Барановский захворал возвратным тифом и ехал то в полном сознании, то бредил целыми сутками. Мотовилов остался совсем один. Закутавшись в доху, он часами неподвижно сидел в санях, угрюмо смотря на бесконечную дорогу. Скверные мысли вертелись в голове офицера. Иногда у него являлось острое, раздражающее желание взять револьвер, приложить холодное дуло к виску и сразу перестать думать, чувствовать, жить. Рука тянулась к деревянной рукоятке нагана. Мотовилов вздрагивал, легкий холодок знобящими мелкими волнами пробегал по телу. В воображении всплывали картины смерти. Офицеру было особенно противно, что с него, когда он умрет, снимут теплую доху, полушубок, обмундирование, может быть даже и белье, и самого, голого, беспомощного, бросят на снег или стащат в яму и наскоро забросают мерзлыми большими комьями земли. «Не хочу», – мысленно говорил Мотовилов и тоскливо вглядывался в темнеющую даль зимнего вечера.

Деревни еще не было видно, но близость ее офицер угадывал по тому особенному верному беспокойству, которое вдруг овладело всеми едущими.

– Фомушка, не зевай. Насчет квартиры постарайся.

– Никак нет, не прозеваем, господин поручик.

Въехали в деревню…

– Затворяй дверь. Холодно. О-о-ой! О-о-ой! Холодно! – заныл больной солдат, едва офицер с вестовым вошли на порог. Фома открыл дверь в горницу. В переднем углу на высокой скамье без гроба лежала мертвая старуха.

– Ни черта! – сказал офицер вестовому. – Тащи сюда Колпакова и Барановского.

– Холодно, холодно! О-о-ой! Ох-ох! – застонал опять больной.

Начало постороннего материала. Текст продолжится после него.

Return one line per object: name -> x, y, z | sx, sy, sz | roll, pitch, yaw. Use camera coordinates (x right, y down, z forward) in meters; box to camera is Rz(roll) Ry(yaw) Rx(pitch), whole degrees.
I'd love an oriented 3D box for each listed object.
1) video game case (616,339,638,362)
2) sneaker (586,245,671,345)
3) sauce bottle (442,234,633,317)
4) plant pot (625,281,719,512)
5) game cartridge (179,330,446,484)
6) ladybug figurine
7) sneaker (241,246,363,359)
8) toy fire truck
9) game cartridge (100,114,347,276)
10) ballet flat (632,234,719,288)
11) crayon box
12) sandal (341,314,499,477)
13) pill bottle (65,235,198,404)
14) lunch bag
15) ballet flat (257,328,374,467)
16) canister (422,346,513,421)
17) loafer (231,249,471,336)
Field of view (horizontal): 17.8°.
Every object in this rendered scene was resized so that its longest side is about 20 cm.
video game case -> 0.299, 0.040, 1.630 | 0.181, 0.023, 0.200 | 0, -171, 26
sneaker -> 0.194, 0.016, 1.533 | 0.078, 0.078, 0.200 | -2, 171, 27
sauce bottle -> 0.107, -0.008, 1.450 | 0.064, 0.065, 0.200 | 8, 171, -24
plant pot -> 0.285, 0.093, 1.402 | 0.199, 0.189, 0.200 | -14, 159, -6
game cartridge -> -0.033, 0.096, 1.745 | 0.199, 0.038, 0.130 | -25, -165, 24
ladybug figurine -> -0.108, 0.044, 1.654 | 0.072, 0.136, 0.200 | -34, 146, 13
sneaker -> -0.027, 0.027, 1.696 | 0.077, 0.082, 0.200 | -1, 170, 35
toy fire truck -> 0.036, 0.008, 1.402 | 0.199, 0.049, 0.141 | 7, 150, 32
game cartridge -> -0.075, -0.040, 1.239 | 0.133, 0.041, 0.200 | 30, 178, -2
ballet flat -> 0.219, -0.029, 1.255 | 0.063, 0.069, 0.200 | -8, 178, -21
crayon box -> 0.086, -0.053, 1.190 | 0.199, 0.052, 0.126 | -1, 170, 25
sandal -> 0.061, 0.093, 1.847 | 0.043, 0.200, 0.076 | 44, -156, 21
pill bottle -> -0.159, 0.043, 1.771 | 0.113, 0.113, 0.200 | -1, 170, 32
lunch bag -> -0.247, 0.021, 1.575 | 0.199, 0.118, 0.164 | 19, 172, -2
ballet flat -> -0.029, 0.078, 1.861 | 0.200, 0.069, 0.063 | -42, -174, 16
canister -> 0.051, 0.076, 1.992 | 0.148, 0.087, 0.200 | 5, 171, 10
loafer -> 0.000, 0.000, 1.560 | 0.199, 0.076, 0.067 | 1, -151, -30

Барановский был в сознании. С усилием передвигая ноги, вошел в избу, опираясь на руку вестового. Колпаков лежал в беспамятстве. Его внесли на руках. В горницу стали набираться солдаты. Зябко ежась от холода, тихо садились они на пол, плотно прижимаясь друг к другу. Фома принес банку наполовину отогретых консервов и кусок грязного закопченного хлеба.

– Извините, господин поручик, закоптил хлеб-то маленько. Дров нет, на навозе да на соломе разогревал.

Мотовилов махнул рукой. В избе кроме двухспальной кровати с кучей спавших на ней ребятишек и скамьи, занятой покойницей, ничего не было. Офицер посмотрел кругом, ища места, где бы можно было поужинать.

– Ваня, а ты не хочешь поесть? – спросил он Барановского.

Барановский молчал.

– Они не хотят, господин поручик. Я предлагал им. Кушайте один, – ответил за Барановского Фома.

Колпаков плакал в бреду, как мальчик. Мотовилов лег на освободившуюся скамью. Еще день пути. Батальон подходил к большому селу, пылавшему багровым заревом десятков костров. Улицы села были забиты обозами. Люди черными мятущимися тенями мелькали на ярком фоне огненных языков. Ехать дальше не было сил. Батальон остановился в нерешительности среди площади у самой церкви. Церковь была не заперта, внутри ее мерцал огонь. Мотовилов вошел. Несколько свечей дрожащими, прыгающими бликами играли на позолоте иконостаса, освещая суровые лица святых.

– «Векую шаташася языцы и людие поучашася тщетным», – бормотал дьячок.

Офицер подошел к нему:

– Скажите, отче, как у вас тут, в церкви, переночевать можно? Случалось, ночевали здесь наши?

Дьячок остановился и, поправляя очки, сказал:

– Случалось, клали здесь раненых.

– Ну вот, так и мы, значит, с больными остановимся.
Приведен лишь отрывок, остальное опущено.